You can see what I mean by some of the original noise “sneaking through”: these are the spikes left over after the smoothing; however, you can also see that the spikes line up with the data, so we are not introducing any noise. The somewhat jaggy nature of the “smoothed” series has to do with the technicalities of using wavelets (I’ll have to explain this a latter time: but for technical completeness, I used a Daubechies orthonormal compactly supported wavelet, with soft probability thresholding by level). Anyway, some things that were hidden before are now clearer.

It looks like there was an increasing trend for most of the series starting in 1996 to 1998, but ending in late 2004, after which the data begin trending down: for the tropics to north pole, anyway. The signal in the southern hemisphere is weaker, or even non-existent at Antarctica.

This analysis is much stronger than the regression shown earlier; nevertheless, it is still not wonderful. The residuals don’t look much better, and are even worse in some places (e.g. early on in the Tropics), than the regression. But wavelet analysis is tricky: there are lots of choices of the so-called wavelet basis (the “Daubechies” thing above) and choices for thresholding. (I used the, more or less, defaults in the R wavethresh package.)

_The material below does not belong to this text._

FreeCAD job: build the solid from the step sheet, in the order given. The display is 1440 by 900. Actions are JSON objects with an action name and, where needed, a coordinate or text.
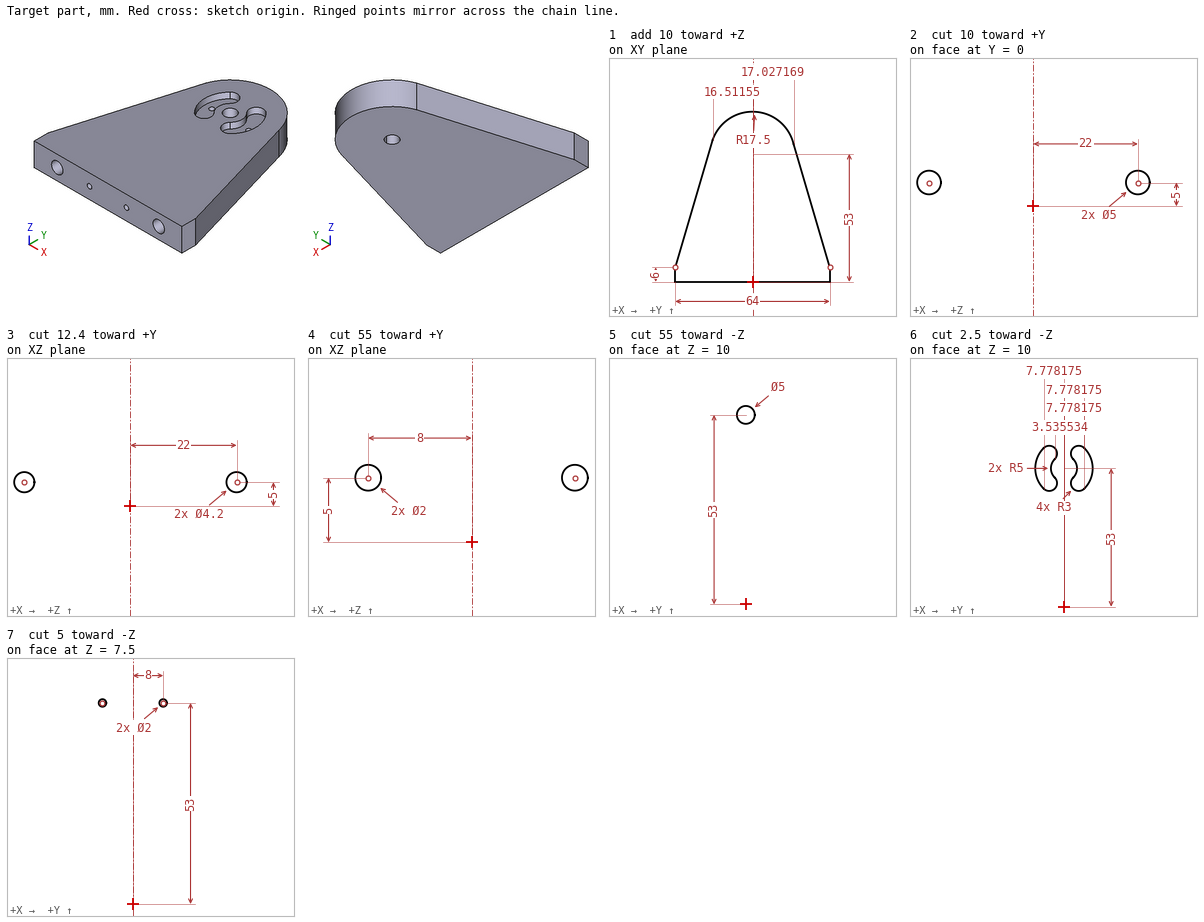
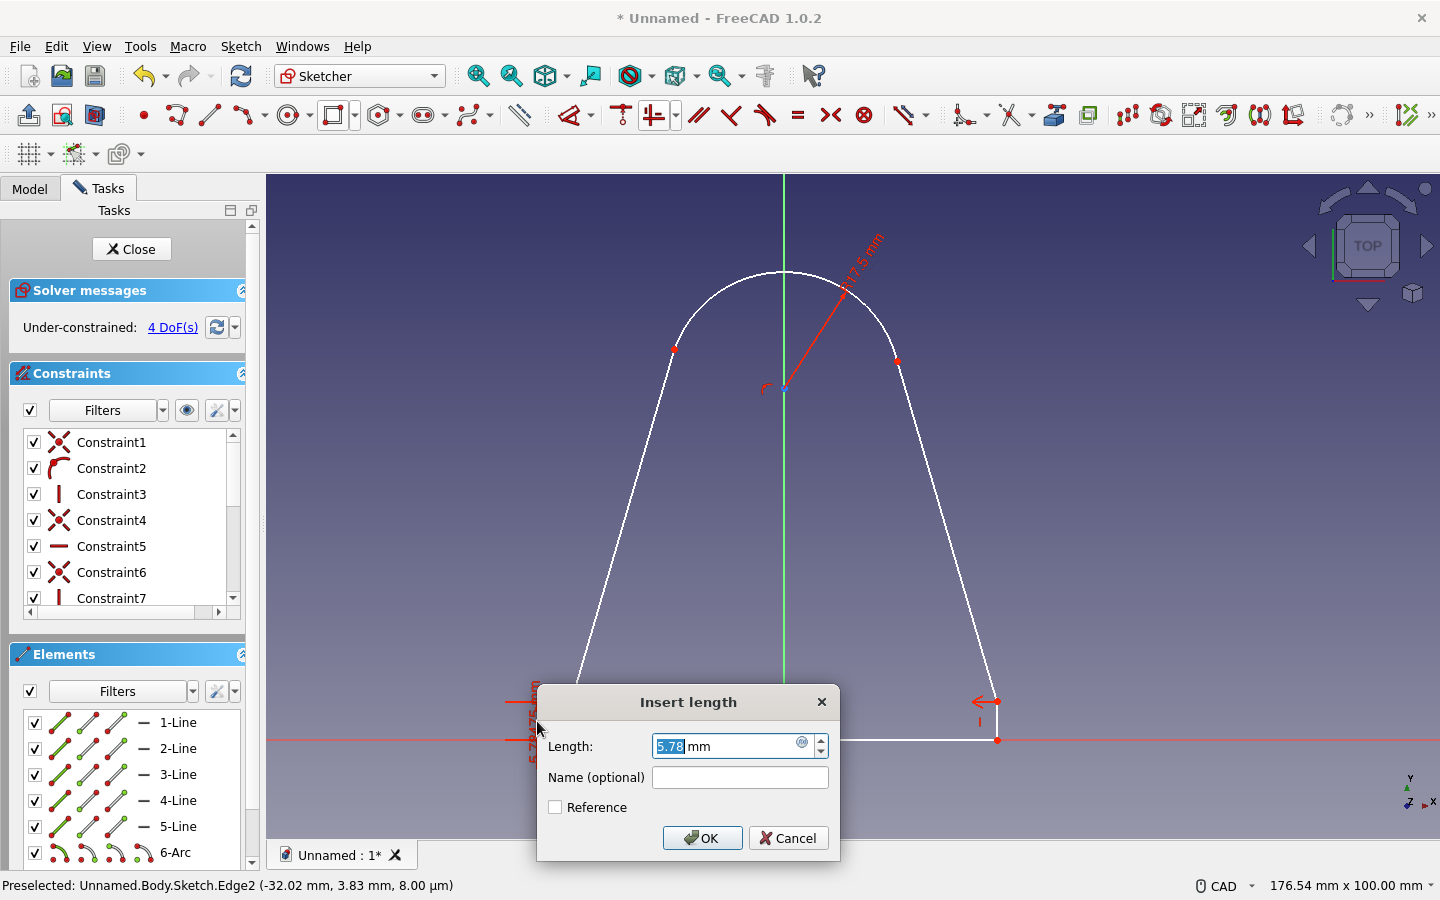
{"action": "type", "text": "6"}
{"action": "key", "text": "Return"}

But the smoothing is only a first start. We need to model this data all at once, and not transect by transect, taking into account the different relationships between each transect (I’m still working on a multivariate Bayesian hierarchical time-series model: it ain’t easy!). Not surprisingly, these relationships are not constant (shown below for fun). The main point is that modeling data of this type is difficult, and it is far too tempting to make claims that do not hold up upon closer analysis. One thing is certain: the hypothesis that the temperature is linearly increasing everywhere across the globe is just not true.

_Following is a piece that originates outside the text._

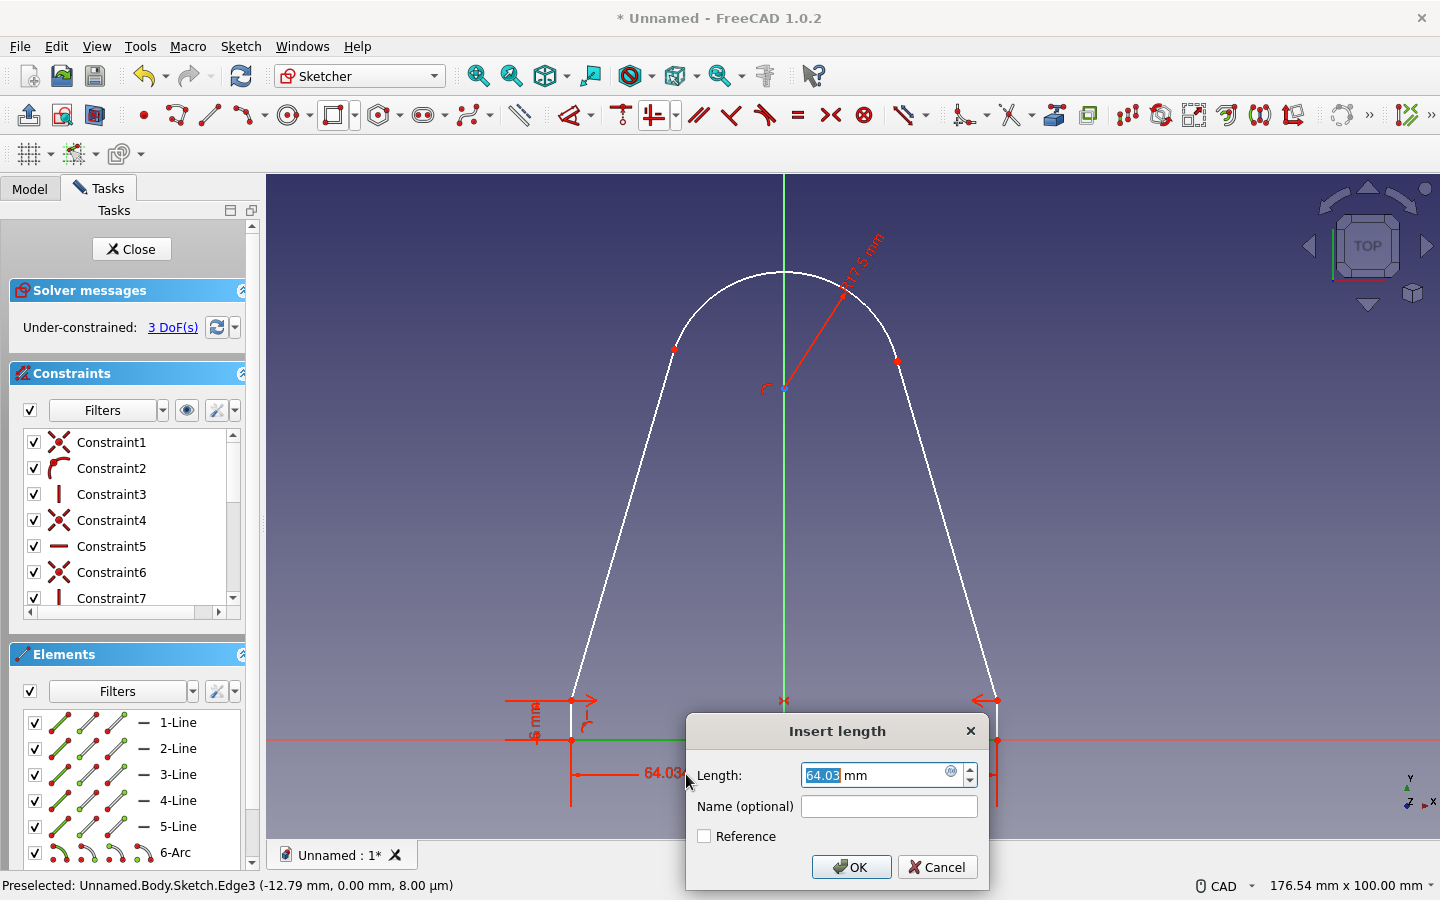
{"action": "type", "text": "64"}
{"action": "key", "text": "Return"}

APPENDIX: Just for fun, here is a scatter-plot matrix of the data (click for larger): You can see that there is little correlation between the two poles, and more, but less than you would have thought, between bordering transects.
RSS wavelets

How to read this plot: it’s a scatter plot of each variable (transect), with each other. Pick a variable name. In that row, that variable is the y-axis. Pick another variable. In that column, that variable is the x-axis. This is a convenient way to look at all the data at the same time.